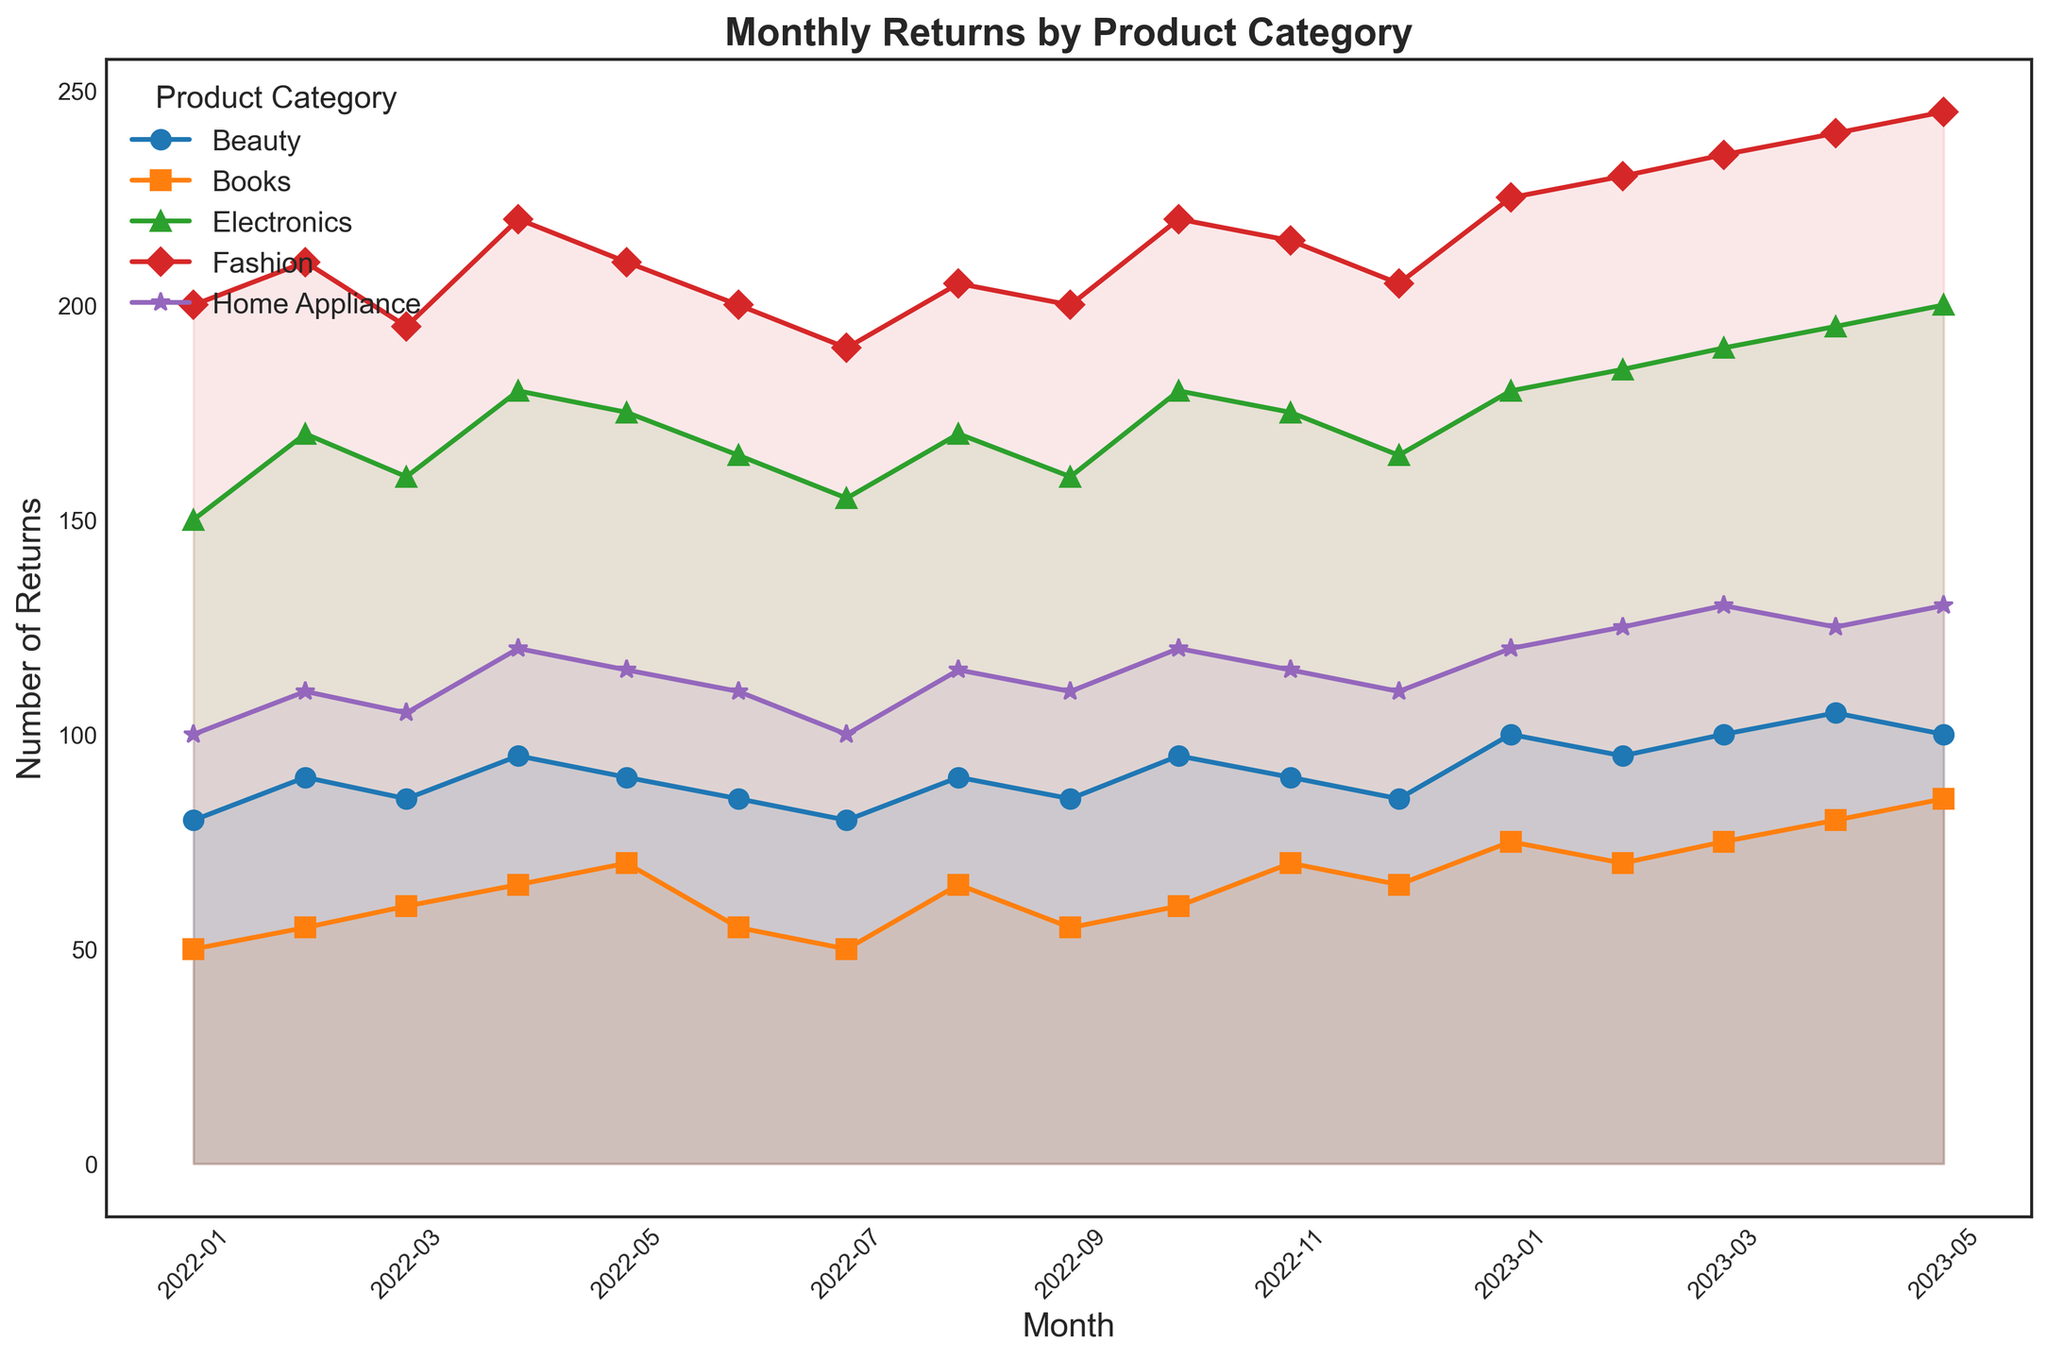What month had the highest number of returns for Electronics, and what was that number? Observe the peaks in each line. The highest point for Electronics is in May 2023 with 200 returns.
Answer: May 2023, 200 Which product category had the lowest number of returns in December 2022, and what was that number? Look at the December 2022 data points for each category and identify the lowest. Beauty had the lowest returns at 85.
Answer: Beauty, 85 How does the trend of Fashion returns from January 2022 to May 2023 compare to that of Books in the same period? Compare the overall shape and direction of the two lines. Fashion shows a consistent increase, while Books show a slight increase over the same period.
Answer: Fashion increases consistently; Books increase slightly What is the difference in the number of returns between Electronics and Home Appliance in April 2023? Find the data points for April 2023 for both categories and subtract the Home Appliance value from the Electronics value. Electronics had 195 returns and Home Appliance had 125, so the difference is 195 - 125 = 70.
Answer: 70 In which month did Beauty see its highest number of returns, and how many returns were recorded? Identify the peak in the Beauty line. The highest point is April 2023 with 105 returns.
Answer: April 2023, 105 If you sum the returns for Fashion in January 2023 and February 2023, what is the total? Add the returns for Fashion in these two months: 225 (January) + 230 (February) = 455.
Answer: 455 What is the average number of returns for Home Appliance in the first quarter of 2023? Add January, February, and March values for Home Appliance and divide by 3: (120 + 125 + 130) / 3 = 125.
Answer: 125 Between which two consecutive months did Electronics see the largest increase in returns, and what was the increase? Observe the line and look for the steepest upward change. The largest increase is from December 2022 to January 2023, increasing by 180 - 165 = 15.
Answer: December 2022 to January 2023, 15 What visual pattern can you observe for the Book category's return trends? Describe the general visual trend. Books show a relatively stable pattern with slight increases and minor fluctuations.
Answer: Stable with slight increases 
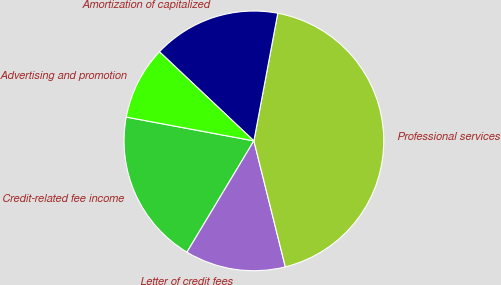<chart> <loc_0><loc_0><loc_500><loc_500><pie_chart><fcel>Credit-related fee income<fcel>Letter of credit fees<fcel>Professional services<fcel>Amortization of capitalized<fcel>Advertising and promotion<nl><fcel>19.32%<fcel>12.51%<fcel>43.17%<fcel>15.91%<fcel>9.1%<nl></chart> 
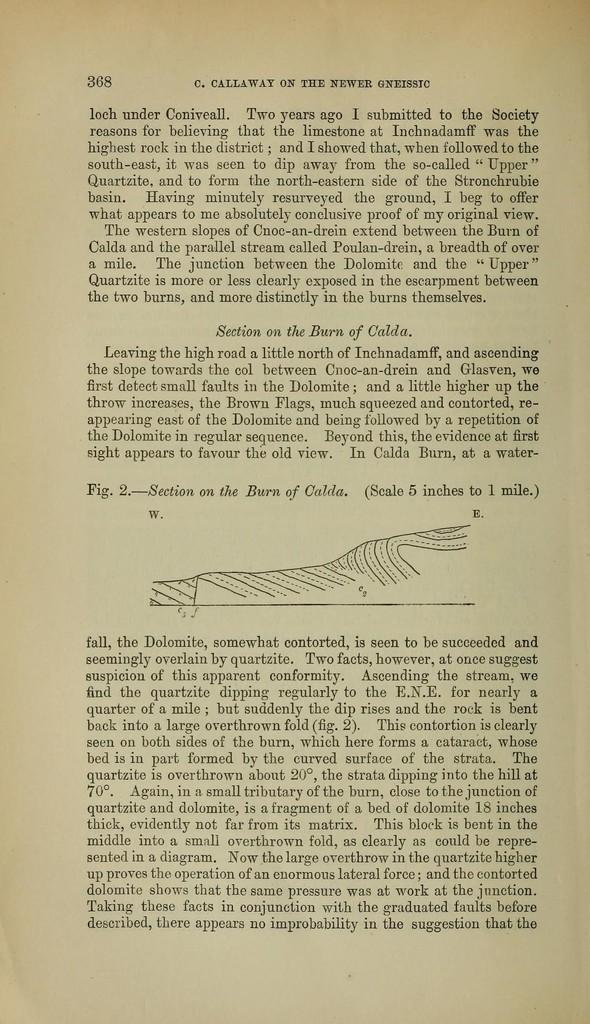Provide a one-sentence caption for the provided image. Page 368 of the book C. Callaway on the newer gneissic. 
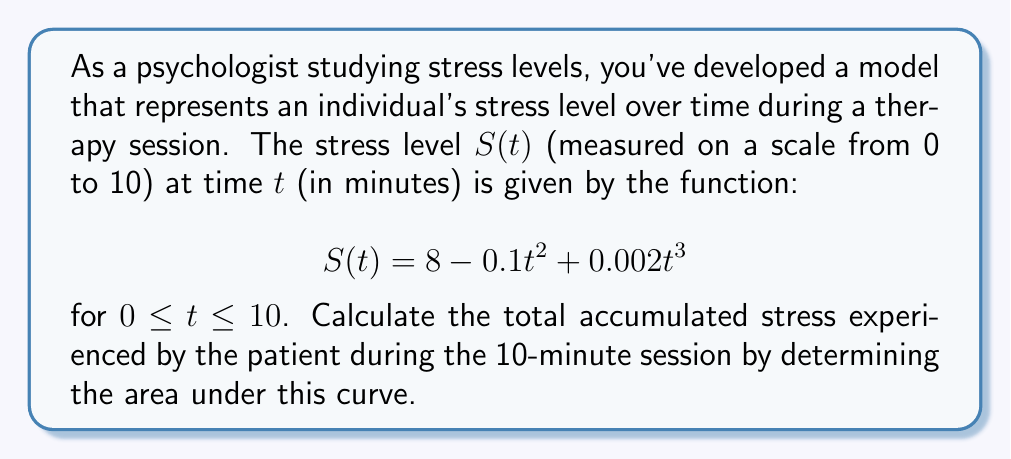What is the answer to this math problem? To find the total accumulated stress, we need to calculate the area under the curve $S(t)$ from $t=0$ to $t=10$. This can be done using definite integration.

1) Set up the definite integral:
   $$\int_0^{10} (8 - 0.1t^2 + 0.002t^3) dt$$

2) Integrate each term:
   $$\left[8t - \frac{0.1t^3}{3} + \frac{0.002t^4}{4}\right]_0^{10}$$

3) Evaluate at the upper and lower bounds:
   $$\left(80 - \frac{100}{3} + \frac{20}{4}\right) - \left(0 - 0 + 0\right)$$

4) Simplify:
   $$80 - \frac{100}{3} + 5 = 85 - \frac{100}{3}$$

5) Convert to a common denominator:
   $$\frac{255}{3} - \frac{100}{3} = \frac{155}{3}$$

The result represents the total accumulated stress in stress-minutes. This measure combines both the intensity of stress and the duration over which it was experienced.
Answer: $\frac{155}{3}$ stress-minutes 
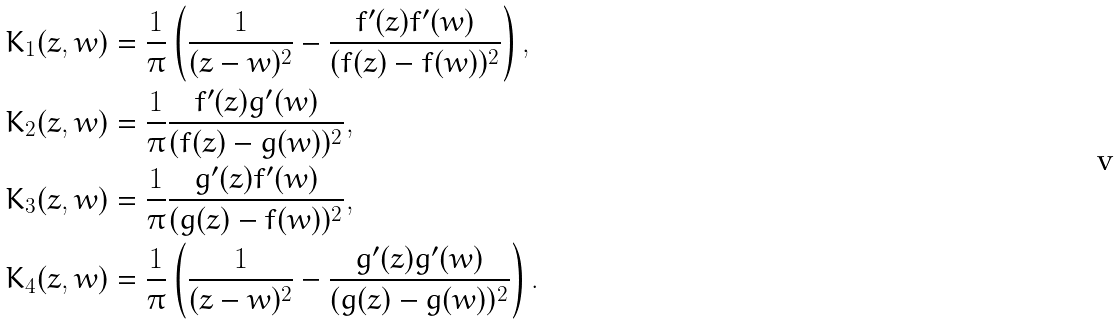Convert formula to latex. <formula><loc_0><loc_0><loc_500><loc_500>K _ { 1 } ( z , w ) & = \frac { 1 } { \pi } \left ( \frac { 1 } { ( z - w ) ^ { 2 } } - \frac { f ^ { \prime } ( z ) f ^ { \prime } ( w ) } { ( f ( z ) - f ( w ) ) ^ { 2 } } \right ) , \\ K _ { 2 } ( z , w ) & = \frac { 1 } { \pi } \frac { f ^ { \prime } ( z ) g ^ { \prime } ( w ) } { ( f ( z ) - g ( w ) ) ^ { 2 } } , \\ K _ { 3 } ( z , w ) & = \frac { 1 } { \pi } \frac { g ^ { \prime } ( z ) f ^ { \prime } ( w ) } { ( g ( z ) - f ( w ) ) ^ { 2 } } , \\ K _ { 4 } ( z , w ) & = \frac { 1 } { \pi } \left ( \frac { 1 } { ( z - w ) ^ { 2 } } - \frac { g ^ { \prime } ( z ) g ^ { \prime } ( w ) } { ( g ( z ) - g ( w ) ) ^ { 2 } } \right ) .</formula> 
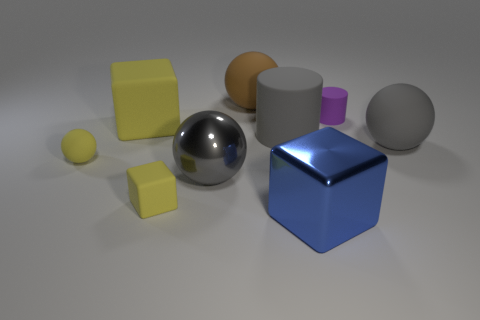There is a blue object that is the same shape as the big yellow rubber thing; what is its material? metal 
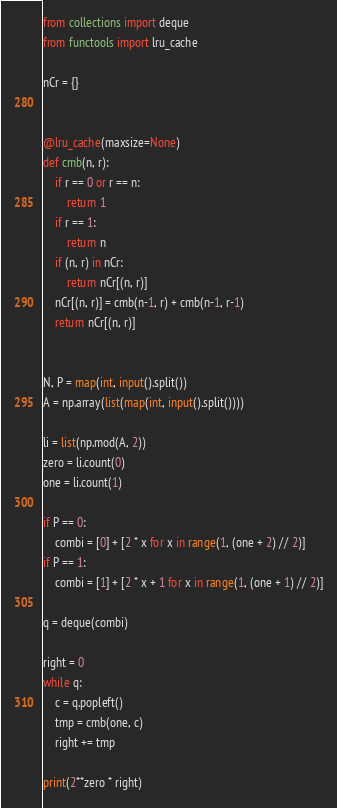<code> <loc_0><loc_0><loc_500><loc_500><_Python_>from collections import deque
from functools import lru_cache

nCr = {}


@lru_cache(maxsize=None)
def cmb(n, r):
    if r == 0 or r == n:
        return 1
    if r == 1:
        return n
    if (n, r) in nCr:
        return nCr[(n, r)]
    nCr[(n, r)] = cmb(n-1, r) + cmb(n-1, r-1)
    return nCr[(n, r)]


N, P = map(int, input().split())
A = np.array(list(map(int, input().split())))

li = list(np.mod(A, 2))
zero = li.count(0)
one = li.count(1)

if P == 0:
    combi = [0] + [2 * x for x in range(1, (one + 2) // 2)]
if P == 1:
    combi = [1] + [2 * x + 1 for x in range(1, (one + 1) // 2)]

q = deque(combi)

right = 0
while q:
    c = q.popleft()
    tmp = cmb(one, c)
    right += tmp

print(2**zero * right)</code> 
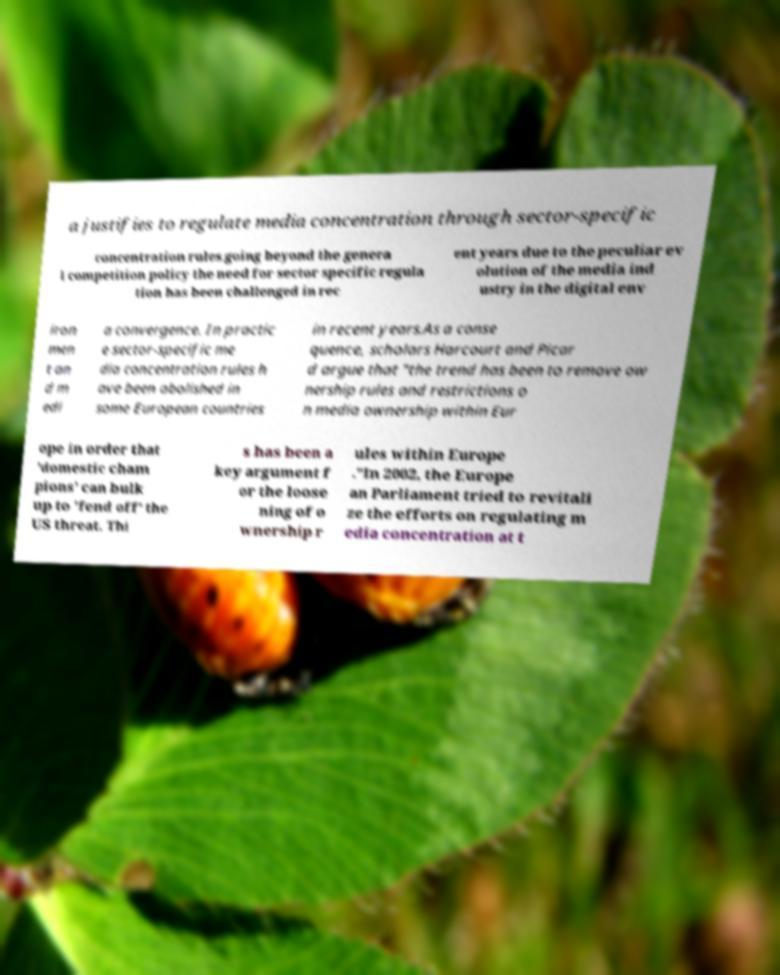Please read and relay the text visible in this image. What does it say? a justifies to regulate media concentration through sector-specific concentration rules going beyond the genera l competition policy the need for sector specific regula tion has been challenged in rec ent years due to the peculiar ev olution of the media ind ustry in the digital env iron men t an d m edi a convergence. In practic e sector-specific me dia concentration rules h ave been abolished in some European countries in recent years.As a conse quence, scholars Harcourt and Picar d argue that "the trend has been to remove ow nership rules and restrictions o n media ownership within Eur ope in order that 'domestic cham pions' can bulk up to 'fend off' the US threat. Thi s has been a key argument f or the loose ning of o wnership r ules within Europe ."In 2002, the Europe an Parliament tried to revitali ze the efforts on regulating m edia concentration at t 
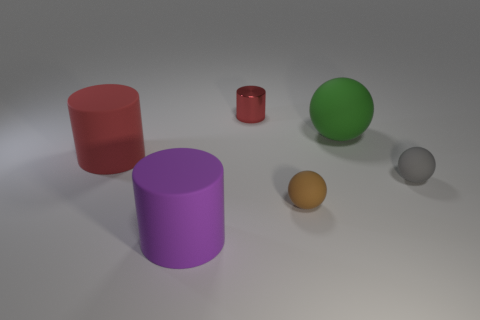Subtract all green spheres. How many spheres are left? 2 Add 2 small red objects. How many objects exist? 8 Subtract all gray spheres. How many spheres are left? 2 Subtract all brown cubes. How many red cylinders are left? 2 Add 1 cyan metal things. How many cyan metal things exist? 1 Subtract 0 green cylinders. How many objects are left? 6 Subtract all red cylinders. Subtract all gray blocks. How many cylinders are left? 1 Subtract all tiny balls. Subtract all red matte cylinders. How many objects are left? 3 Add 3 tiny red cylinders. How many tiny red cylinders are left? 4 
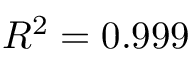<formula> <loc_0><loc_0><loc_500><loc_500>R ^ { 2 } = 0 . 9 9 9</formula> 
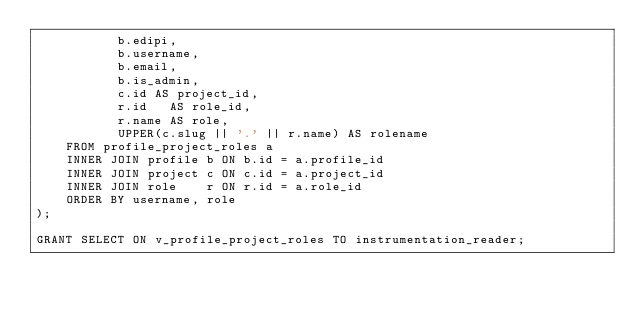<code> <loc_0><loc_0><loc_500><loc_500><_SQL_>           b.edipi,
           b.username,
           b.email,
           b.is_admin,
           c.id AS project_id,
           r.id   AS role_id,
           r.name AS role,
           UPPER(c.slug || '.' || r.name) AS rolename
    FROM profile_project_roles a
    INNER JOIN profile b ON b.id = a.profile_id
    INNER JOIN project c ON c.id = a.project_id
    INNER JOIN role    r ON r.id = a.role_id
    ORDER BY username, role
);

* * * * * * * * *

• Task item
For this task, write out exactly the lines of the entries above, starting at the line with "N, P = map(int, input().split())" and ending at the line with "print(2**zero * right)</code>", both included, and no others.

• Exercise answer
N, P = map(int, input().split())
A = np.array(list(map(int, input().split())))

li = list(np.mod(A, 2))
zero = li.count(0)
one = li.count(1)

if P == 0:
    combi = [0] + [2 * x for x in range(1, (one + 2) // 2)]
if P == 1:
    combi = [1] + [2 * x + 1 for x in range(1, (one + 1) // 2)]

q = deque(combi)

right = 0
while q:
    c = q.popleft()
    tmp = cmb(one, c)
    right += tmp

print(2**zero * right)</code> 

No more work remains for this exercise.